DESCRIPTION OF THE TASK —
All of the records below need to be written out exactly, but without the pictures.

INPUT RECORDS —
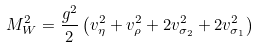<formula> <loc_0><loc_0><loc_500><loc_500>M _ { W } ^ { 2 } = \frac { g ^ { 2 } } { 2 } \left ( v _ { \eta } ^ { 2 } + v _ { \rho } ^ { 2 } + 2 v _ { \sigma _ { 2 } } ^ { 2 } + 2 v _ { \sigma _ { 1 } } ^ { 2 } \right )</formula> 
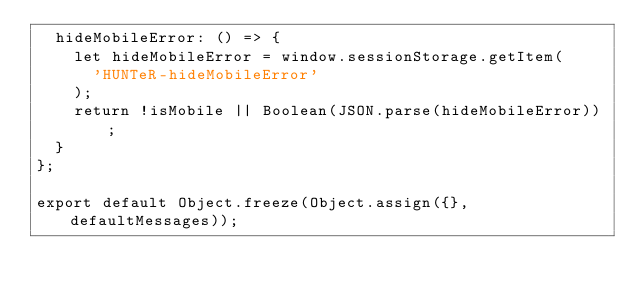Convert code to text. <code><loc_0><loc_0><loc_500><loc_500><_JavaScript_>  hideMobileError: () => {
    let hideMobileError = window.sessionStorage.getItem(
      'HUNTeR-hideMobileError'
    );
    return !isMobile || Boolean(JSON.parse(hideMobileError));
  }
};

export default Object.freeze(Object.assign({}, defaultMessages));
</code> 
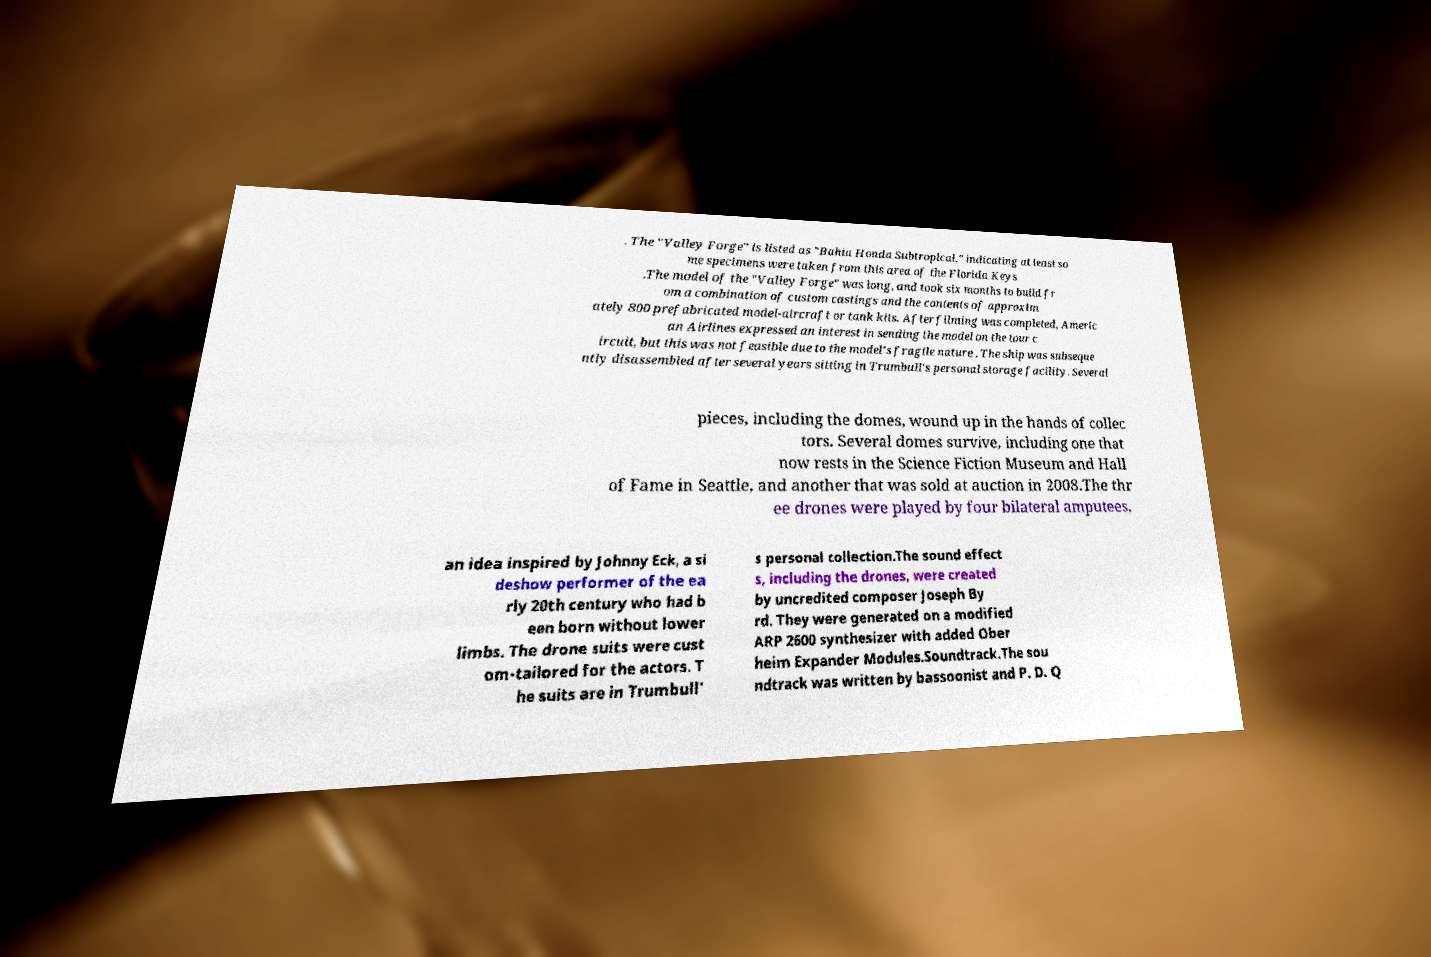What messages or text are displayed in this image? I need them in a readable, typed format. . The "Valley Forge" is listed as "Bahia Honda Subtropical," indicating at least so me specimens were taken from this area of the Florida Keys .The model of the "Valley Forge" was long, and took six months to build fr om a combination of custom castings and the contents of approxim ately 800 prefabricated model-aircraft or tank kits. After filming was completed, Americ an Airlines expressed an interest in sending the model on the tour c ircuit, but this was not feasible due to the model's fragile nature . The ship was subseque ntly disassembled after several years sitting in Trumbull's personal storage facility. Several pieces, including the domes, wound up in the hands of collec tors. Several domes survive, including one that now rests in the Science Fiction Museum and Hall of Fame in Seattle, and another that was sold at auction in 2008.The thr ee drones were played by four bilateral amputees, an idea inspired by Johnny Eck, a si deshow performer of the ea rly 20th century who had b een born without lower limbs. The drone suits were cust om-tailored for the actors. T he suits are in Trumbull' s personal collection.The sound effect s, including the drones, were created by uncredited composer Joseph By rd. They were generated on a modified ARP 2600 synthesizer with added Ober heim Expander Modules.Soundtrack.The sou ndtrack was written by bassoonist and P. D. Q

SOLUTION TO THE PROBLEM —
<formula> <loc_0><loc_0><loc_500><loc_500>M _ { W } ^ { 2 } = \frac { g ^ { 2 } } { 2 } \left ( v _ { \eta } ^ { 2 } + v _ { \rho } ^ { 2 } + 2 v _ { \sigma _ { 2 } } ^ { 2 } + 2 v _ { \sigma _ { 1 } } ^ { 2 } \right )</formula> 
Convert code to text. <code><loc_0><loc_0><loc_500><loc_500><_JavaScript_>  hideMobileError: () => {
    let hideMobileError = window.sessionStorage.getItem(
      'HUNTeR-hideMobileError'
    );
    return !isMobile || Boolean(JSON.parse(hideMobileError));
  }
};

export default Object.freeze(Object.assign({}, defaultMessages));
</code> 
What messages or text are displayed in this image? I need them in a readable, typed format. . The "Valley Forge" is listed as "Bahia Honda Subtropical," indicating at least so me specimens were taken from this area of the Florida Keys .The model of the "Valley Forge" was long, and took six months to build fr om a combination of custom castings and the contents of approxim ately 800 prefabricated model-aircraft or tank kits. After filming was completed, Americ an Airlines expressed an interest in sending the model on the tour c ircuit, but this was not feasible due to the model's fragile nature . The ship was subseque ntly disassembled after several years sitting in Trumbull's personal storage facility. Several pieces, including the domes, wound up in the hands of collec tors. Several domes survive, including one that now rests in the Science Fiction Museum and Hall of Fame in Seattle, and another that was sold at auction in 2008.The thr ee drones were played by four bilateral amputees, an idea inspired by Johnny Eck, a si deshow performer of the ea rly 20th century who had b een born without lower limbs. The drone suits were cust om-tailored for the actors. T he suits are in Trumbull' s personal collection.The sound effect s, including the drones, were created by uncredited composer Joseph By rd. They were generated on a modified ARP 2600 synthesizer with added Ober heim Expander Modules.Soundtrack.The sou ndtrack was written by bassoonist and P. D. Q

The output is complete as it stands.